ABOUT THIS EXERCISE: Omit all pictures. Print the remaining lines exactly, from the start of the data through the line containing "The horizontal FOV is 60.0°.".

RECORDS SHOWN section start

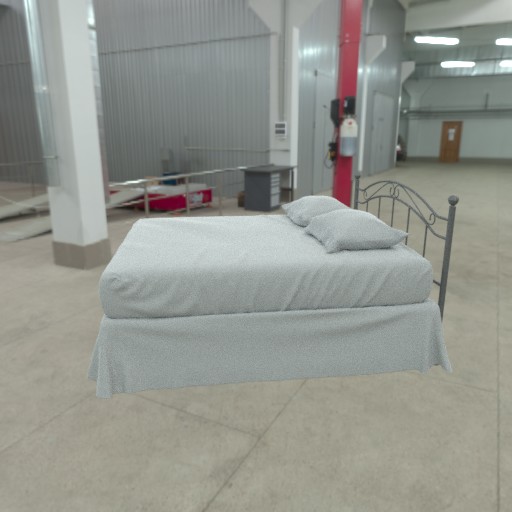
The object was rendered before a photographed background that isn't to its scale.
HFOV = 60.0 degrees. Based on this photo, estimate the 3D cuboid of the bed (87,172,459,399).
[{"bbox_3d":[0.000,0.000,3.323,2.215,1.080,1.936,-2,16,-7],"label":"bed"}]
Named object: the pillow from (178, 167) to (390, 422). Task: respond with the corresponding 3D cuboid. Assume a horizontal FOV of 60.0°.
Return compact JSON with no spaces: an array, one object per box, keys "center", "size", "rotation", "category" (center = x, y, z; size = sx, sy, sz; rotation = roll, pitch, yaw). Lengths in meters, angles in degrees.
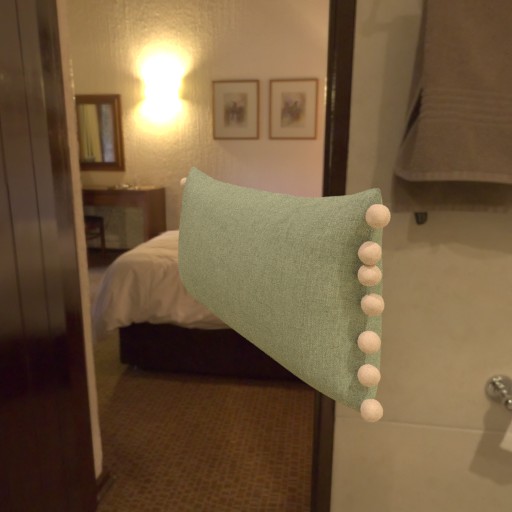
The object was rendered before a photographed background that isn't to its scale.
[{"center":[0.000,0.000,0.844],"size":[0.201,0.322,0.709],"rotation":[-7,14,-27],"category":"pillow"}]
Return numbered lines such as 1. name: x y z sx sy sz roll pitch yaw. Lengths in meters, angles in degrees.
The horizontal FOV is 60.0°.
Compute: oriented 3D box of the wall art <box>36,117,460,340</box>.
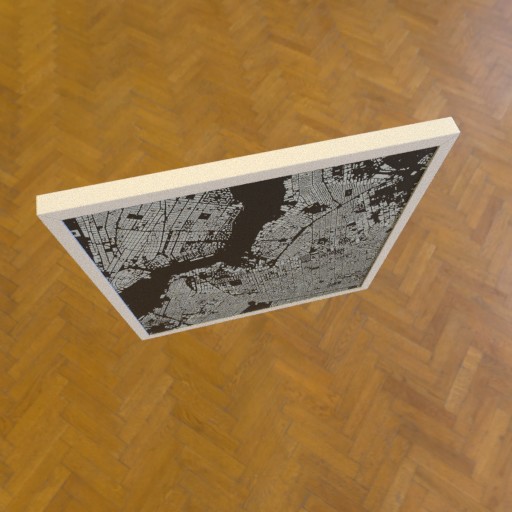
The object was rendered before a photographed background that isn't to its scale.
1. wall art: 0.000 0.000 1.126 0.761 0.762 0.050 -12 64 -6
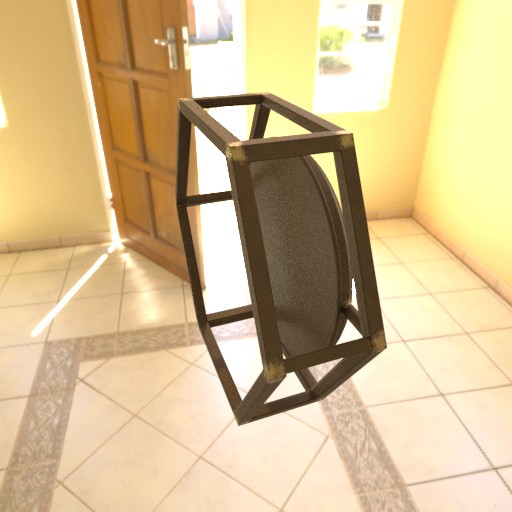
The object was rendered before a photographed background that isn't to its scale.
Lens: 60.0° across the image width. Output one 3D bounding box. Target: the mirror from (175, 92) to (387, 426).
[{"bbox_3d":[0.000,0.000,0.531,0.119,0.334,0.380,-11,33,-18],"label":"mirror"}]
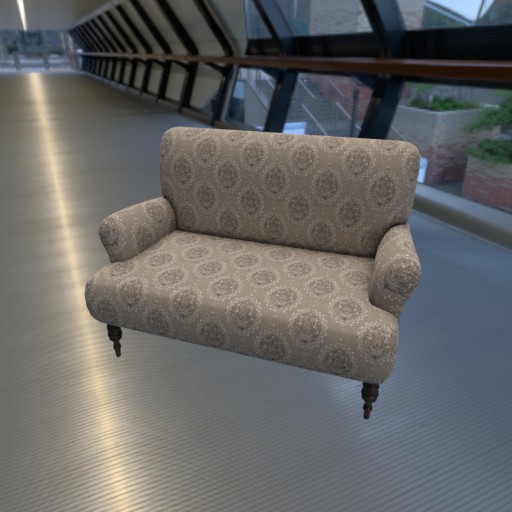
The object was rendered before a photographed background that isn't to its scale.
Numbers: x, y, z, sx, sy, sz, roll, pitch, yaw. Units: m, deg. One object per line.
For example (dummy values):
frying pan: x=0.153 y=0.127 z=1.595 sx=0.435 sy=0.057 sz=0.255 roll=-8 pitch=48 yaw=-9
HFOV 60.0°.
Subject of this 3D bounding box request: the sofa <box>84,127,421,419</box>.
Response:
sofa: x=0.000 y=0.000 z=1.869 sx=1.297 sy=0.889 sz=0.779 roll=9 pitch=27 yaw=18
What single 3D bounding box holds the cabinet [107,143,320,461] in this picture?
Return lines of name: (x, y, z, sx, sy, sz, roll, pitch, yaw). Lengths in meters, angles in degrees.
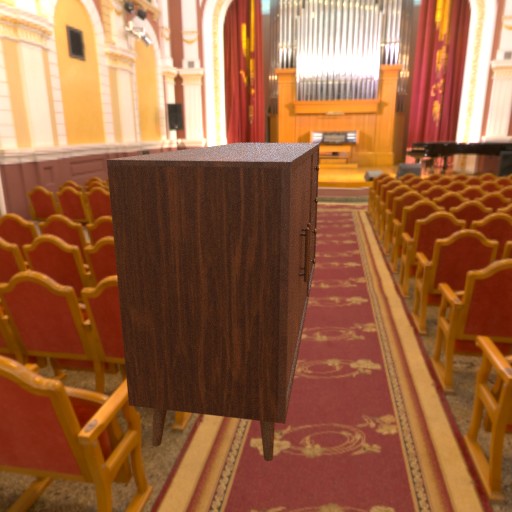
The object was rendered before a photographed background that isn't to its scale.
cabinet: (0.000, 0.000, 1.988, 0.505, 0.940, 1.575, 3, 16, 10)
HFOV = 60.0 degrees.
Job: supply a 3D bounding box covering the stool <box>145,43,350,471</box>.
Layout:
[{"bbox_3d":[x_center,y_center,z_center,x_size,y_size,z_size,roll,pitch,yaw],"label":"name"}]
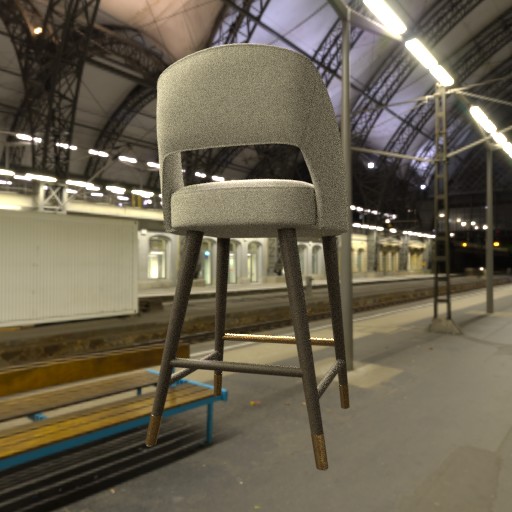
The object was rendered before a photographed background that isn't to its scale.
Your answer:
[{"bbox_3d":[0.000,0.000,1.221,0.494,0.940,0.509,0,-1,18],"label":"stool"}]
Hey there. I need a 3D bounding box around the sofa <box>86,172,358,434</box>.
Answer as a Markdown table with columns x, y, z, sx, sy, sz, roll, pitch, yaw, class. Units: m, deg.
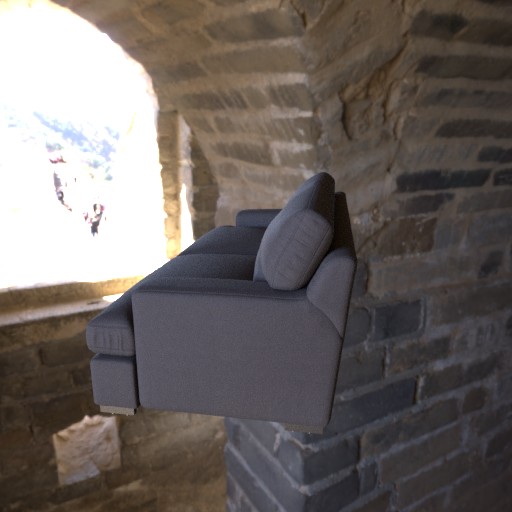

RECORDS SHOWN section end

RESULT FOR THIS EXERCISE:
The object was rendered before a photographed background that isn't to its scale.
HFOV = 60.0 degrees. Based on this photo, estimate the 3D cuboid of the bed (87,172,459,399).
[{"bbox_3d":[0.000,0.000,3.323,2.215,1.080,1.936,-2,16,-7],"label":"bed"}]
Named object: the pillow from (178, 167) to (390, 422). Task: respond with the corresponding 3D cuboid. Assume a horizontal FOV of 60.0°.
Return compact JSON with no spaces: an array, one object per box, keys "center", "size", "rotation", "category" (center = x, y, z; size = sx, sy, sz; rotation = roll, pitch, yaw). Lengths in meters, angles in degrees.
The object was rendered before a photographed background that isn't to its scale.
[{"center":[0.000,0.000,0.844],"size":[0.201,0.322,0.709],"rotation":[-7,14,-27],"category":"pillow"}]
Return numbered lines such as 1. name: x y z sx sy sz roll pitch yaw. Lengths in meters, angles in degrees.
The horizontal FOV is 60.0°.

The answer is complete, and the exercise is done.